# Ship to shore not getting reception



## Bitz (May 23, 2010)

Ok, my new to me boat came with a Ray Jefferson 7878m radio. Stations all display on screen when I change channels, the unit makes noise when I turn squelch all the way down, so I don't think it's the speaker. Antenna is 8' Shakespeare. I can't even get the weather stations. Anyone have any ideas? I didn't mess with it much last time out, I was itchin to go fishin, and I have a handheld backup. But I like to know why, or whats not working. Thanks for any help!
Bitz

Sent from my SM-G900P using Ohub Campfire mobile app


----------



## sherman51 (Apr 12, 2011)

it sounds like you might have a bad antenna or just a bad connection where the cable hooks to the radio. if you end up buying an antenna spend a few extra few dollars and get a good antenna.
sherman


----------



## freyedknot (Apr 10, 2004)

did you peel the antenna wire and soilder it as directed?


----------



## fishingguy (Jan 5, 2006)

Those weather stations are so strong I pick them up clear as a bell with the antenna down. Never tried it, but I bet I could disconnect the antenna totally, and still pick them up.


----------



## Bitz (May 23, 2010)

I'm going to check all the connections this evening. I don't have a spare antenna, is there a way to test an antenna, I have a meter and know how to use it but don't know if there should be continuity somewhere I can access to end of ant. or resistance? ?? I will post what I find, if I find it 

Sent from my SM-G900P using Ohub Campfire mobile app


----------



## bountyhunter (Apr 28, 2004)

today I bought new connector from ant to radio ,at radio shack , easy andcheap try to fix it, that connector comes with directions . I,d try that before a new ant.


----------



## bountyhunter (Apr 28, 2004)

find some one in your area to test it out, DO NOT power the mike without a ant hooked up, was told that can ruin a radio.

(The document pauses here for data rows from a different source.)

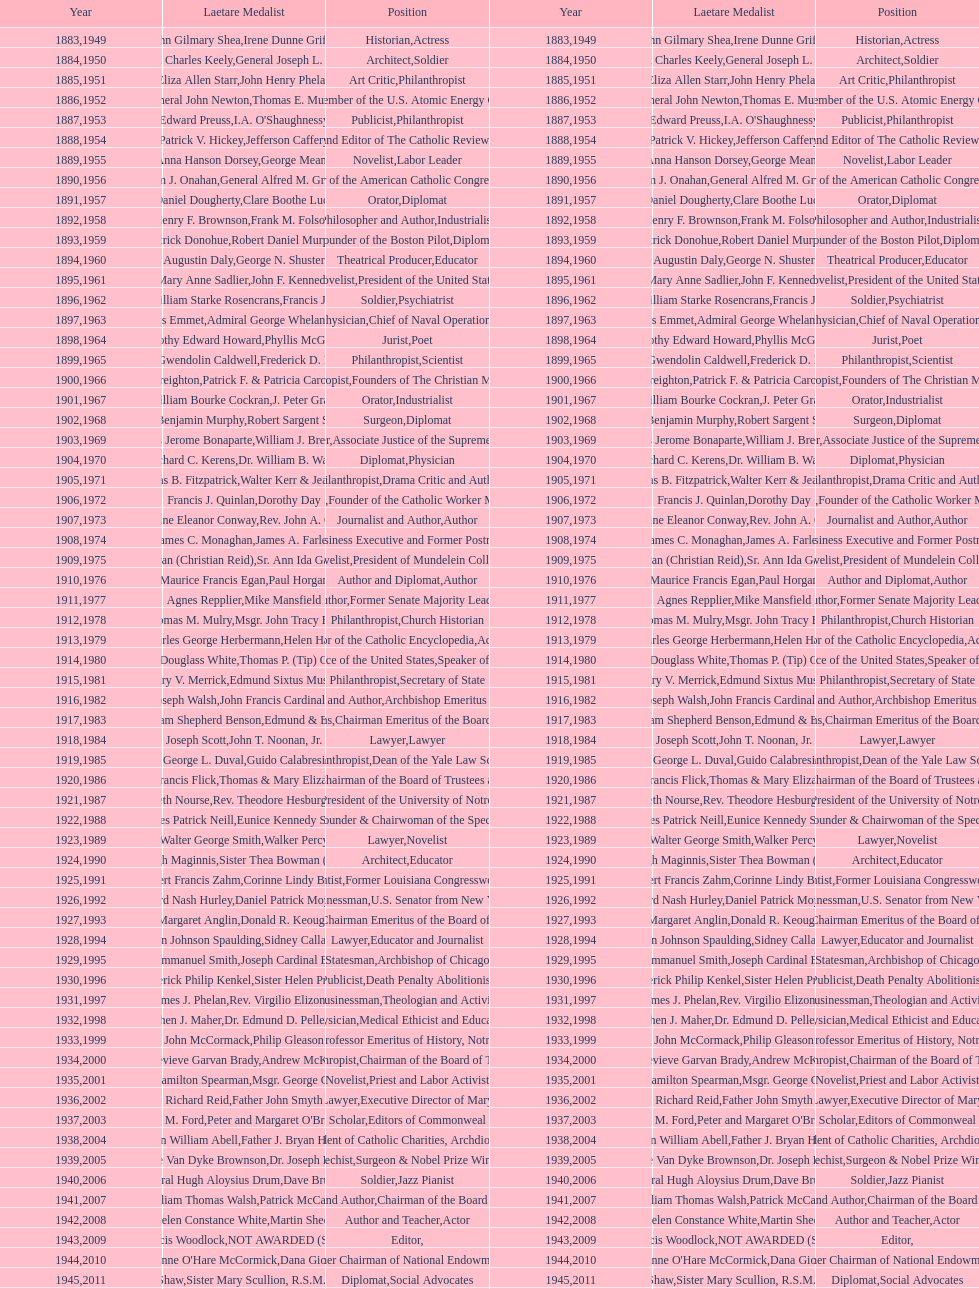What's the count of people who are or were journalists? 5. 
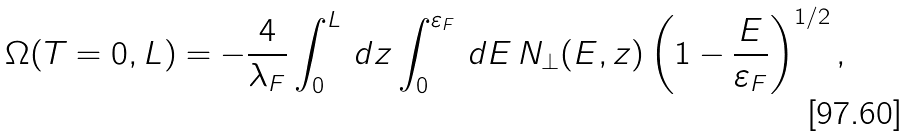<formula> <loc_0><loc_0><loc_500><loc_500>\Omega ( T = 0 , L ) = - \frac { 4 } { \lambda _ { F } } \int _ { 0 } ^ { L } \, d z \int _ { 0 } ^ { \varepsilon _ { F } } \, d E \, N _ { \perp } ( E , z ) \left ( 1 - \frac { E } { \varepsilon _ { F } } \right ) ^ { 1 / 2 } ,</formula> 
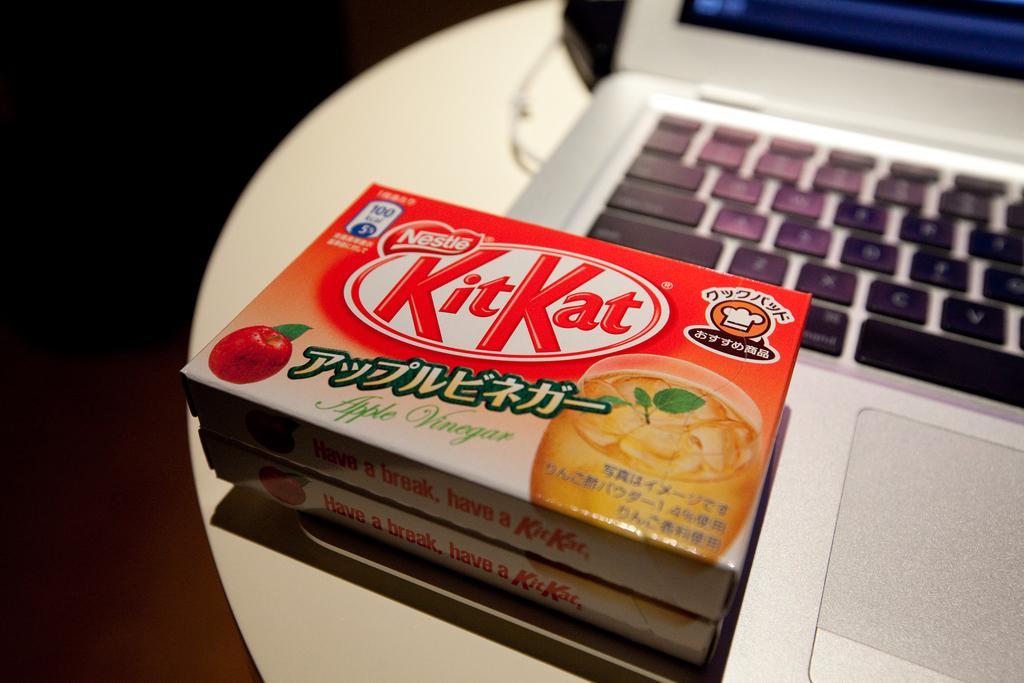Please provide a concise description of this image. In this image we can see a table, on the table there is a laptop and on there are boxes on the laptop. 
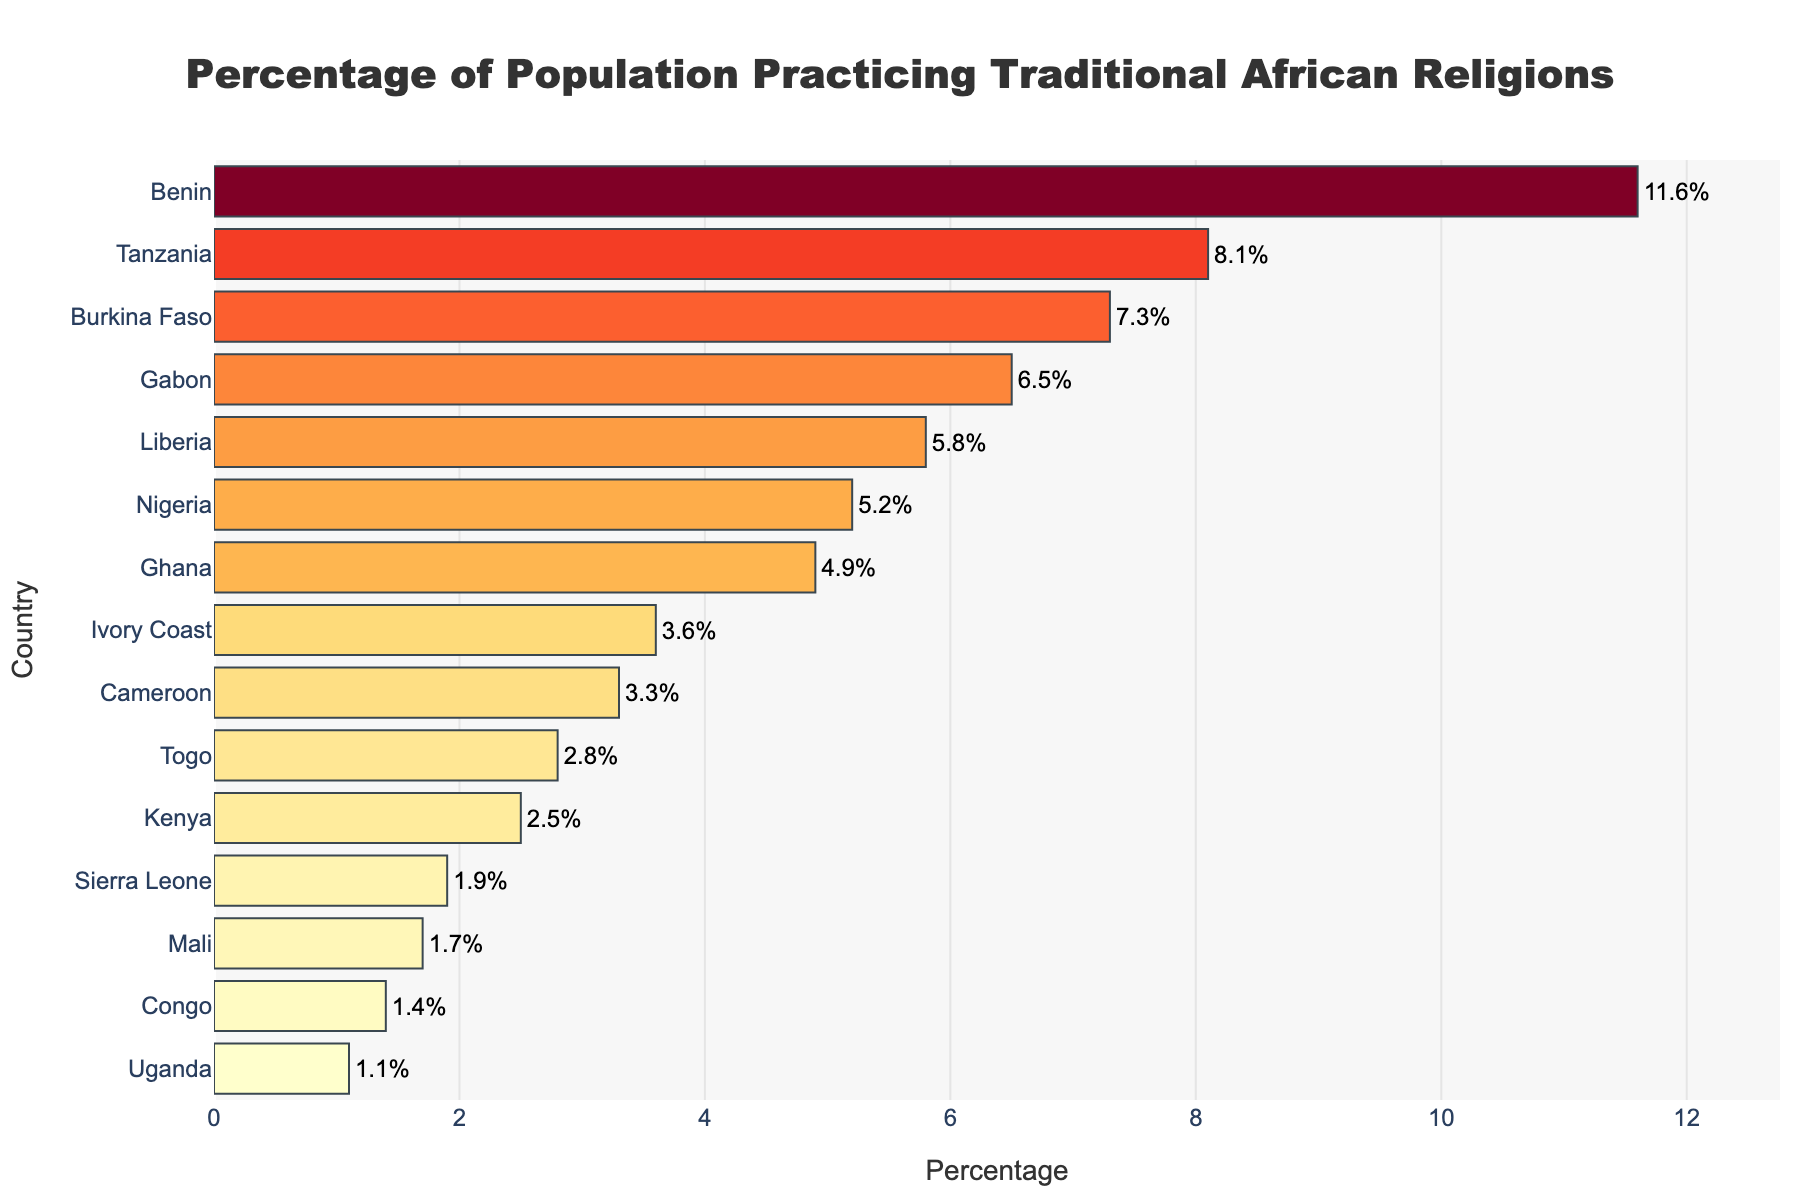What's the title of the plot? The title of the plot can be found at the top-center of the figure.
Answer: Percentage of Population Practicing Traditional African Religions Which country has the highest percentage of population practicing traditional African religions? The country with the highest bar in the plot indicates the maximum percentage.
Answer: Benin What is the percentage of population practicing traditional African religions in Kenya? Look for the bar labeled "Kenya" on the y-axis and read the corresponding value on the x-axis.
Answer: 2.5% How many countries have a percentage higher than 5%? Count all the bars that extend beyond the 5% mark on the x-axis.
Answer: 7 Which country has the lowest percentage of population practicing traditional African religions? The country with the shortest bar in the plot indicates the minimum percentage.
Answer: Uganda What is the average percentage of population practicing traditional African religions across all countries? Sum all the percentages from the list and divide by the number of countries (15).
Answer: 4.63% How does the percentage of populations practicing traditional African religions in Nigeria compare to Ghana? Compare the lengths of the bars for Nigeria and Ghana.
Answer: Nigeria is slightly higher Which countries have more than 7% of their population practicing traditional African religions? Identify the countries where the bar exceeds the 7% mark on the x-axis.
Answer: Benin, Burkina Faso, Tanzania 
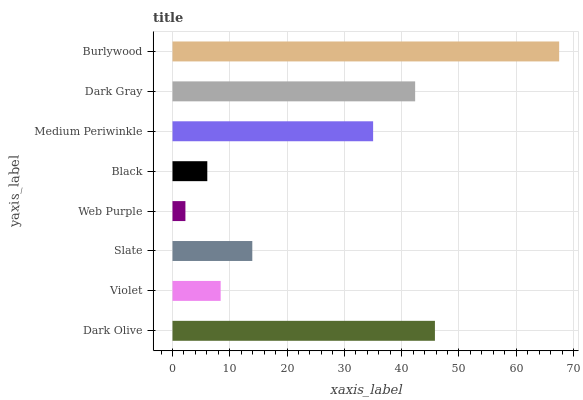Is Web Purple the minimum?
Answer yes or no. Yes. Is Burlywood the maximum?
Answer yes or no. Yes. Is Violet the minimum?
Answer yes or no. No. Is Violet the maximum?
Answer yes or no. No. Is Dark Olive greater than Violet?
Answer yes or no. Yes. Is Violet less than Dark Olive?
Answer yes or no. Yes. Is Violet greater than Dark Olive?
Answer yes or no. No. Is Dark Olive less than Violet?
Answer yes or no. No. Is Medium Periwinkle the high median?
Answer yes or no. Yes. Is Slate the low median?
Answer yes or no. Yes. Is Slate the high median?
Answer yes or no. No. Is Medium Periwinkle the low median?
Answer yes or no. No. 
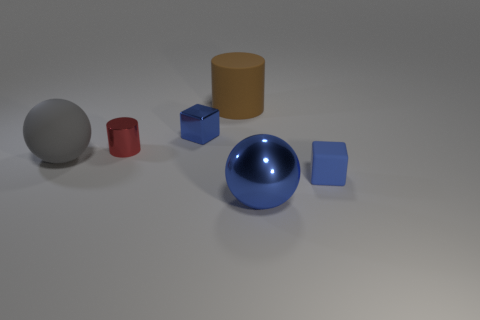Subtract all gray balls. How many balls are left? 1 Add 2 blue metal cubes. How many objects exist? 8 Subtract all blocks. How many objects are left? 4 Subtract 2 balls. How many balls are left? 0 Add 1 large matte things. How many large matte things exist? 3 Subtract 0 cyan cylinders. How many objects are left? 6 Subtract all brown cylinders. Subtract all gray spheres. How many cylinders are left? 1 Subtract all small things. Subtract all large cyan metal objects. How many objects are left? 3 Add 3 red metal cylinders. How many red metal cylinders are left? 4 
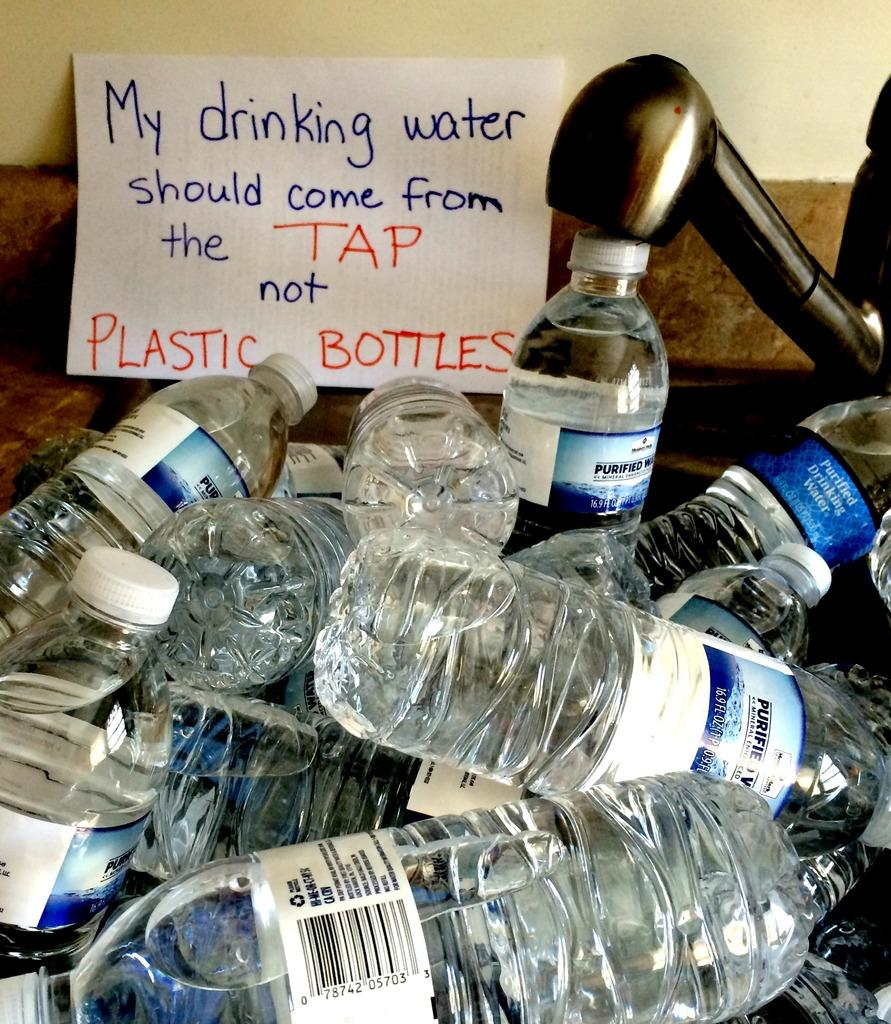What type of containers are visible in the image? There are water bottles in the image. What can be found on the water bottles? The water bottles have labels. Is there any additional item with writing in the image? Yes, there is a card with a note written on it in the image. What type of stick can be seen holding up the water bottles in the image? There is no stick holding up the water bottles in the image; they are likely standing on their own or placed on a surface. 
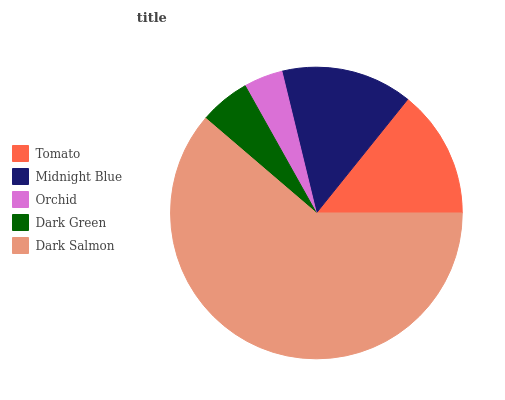Is Orchid the minimum?
Answer yes or no. Yes. Is Dark Salmon the maximum?
Answer yes or no. Yes. Is Midnight Blue the minimum?
Answer yes or no. No. Is Midnight Blue the maximum?
Answer yes or no. No. Is Midnight Blue greater than Tomato?
Answer yes or no. Yes. Is Tomato less than Midnight Blue?
Answer yes or no. Yes. Is Tomato greater than Midnight Blue?
Answer yes or no. No. Is Midnight Blue less than Tomato?
Answer yes or no. No. Is Tomato the high median?
Answer yes or no. Yes. Is Tomato the low median?
Answer yes or no. Yes. Is Dark Salmon the high median?
Answer yes or no. No. Is Dark Salmon the low median?
Answer yes or no. No. 
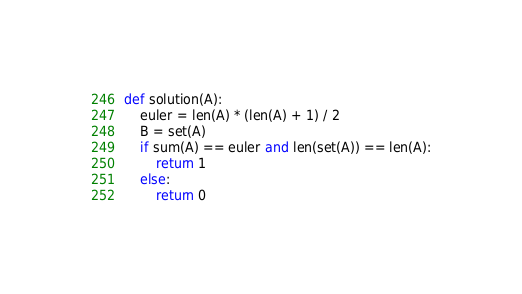Convert code to text. <code><loc_0><loc_0><loc_500><loc_500><_Python_>def solution(A):
    euler = len(A) * (len(A) + 1) / 2
    B = set(A)
    if sum(A) == euler and len(set(A)) == len(A):
        return 1
    else:
        return 0
</code>

I,m in louisville if your close.


----------



## sherman51 (Apr 12, 2011)

if you know someone that has a marine radio in there boat you can hook your radio to there antenna and see if your radio works. if your radio works then you will know if its the antenna or the connection at the radio. and like someone said the first thing I would do after I checked my radio is buy a new end for your cable and install it per instructions. but it never hurts to solder the center wire.


----------



## sherman51 (Apr 12, 2011)

also if you end up buying a new antenna be sure to get a good one. I had one of the 49.99 8' antennas on my boat and wasn't satisfied so I bought a shakespear 5399 9'6" antenna and love it. you can get one of these for 130.00 right now on ebay. another good 8' antenna is the 5225 xt or xp or flt. they are all over 100.00. but the antenna is the most important part of your marine radio system.
sherman


----------



## Bitz (May 23, 2010)

Thanks for the help guys, the radio is shot. So I'm in the market for a decent one if someone has one they aren't using. I have my handheld for the time being, but definitely prefer the boat radio. Thanks
Bitz

Sent from my SM-G900P using Ohub Campfire mobile app


----------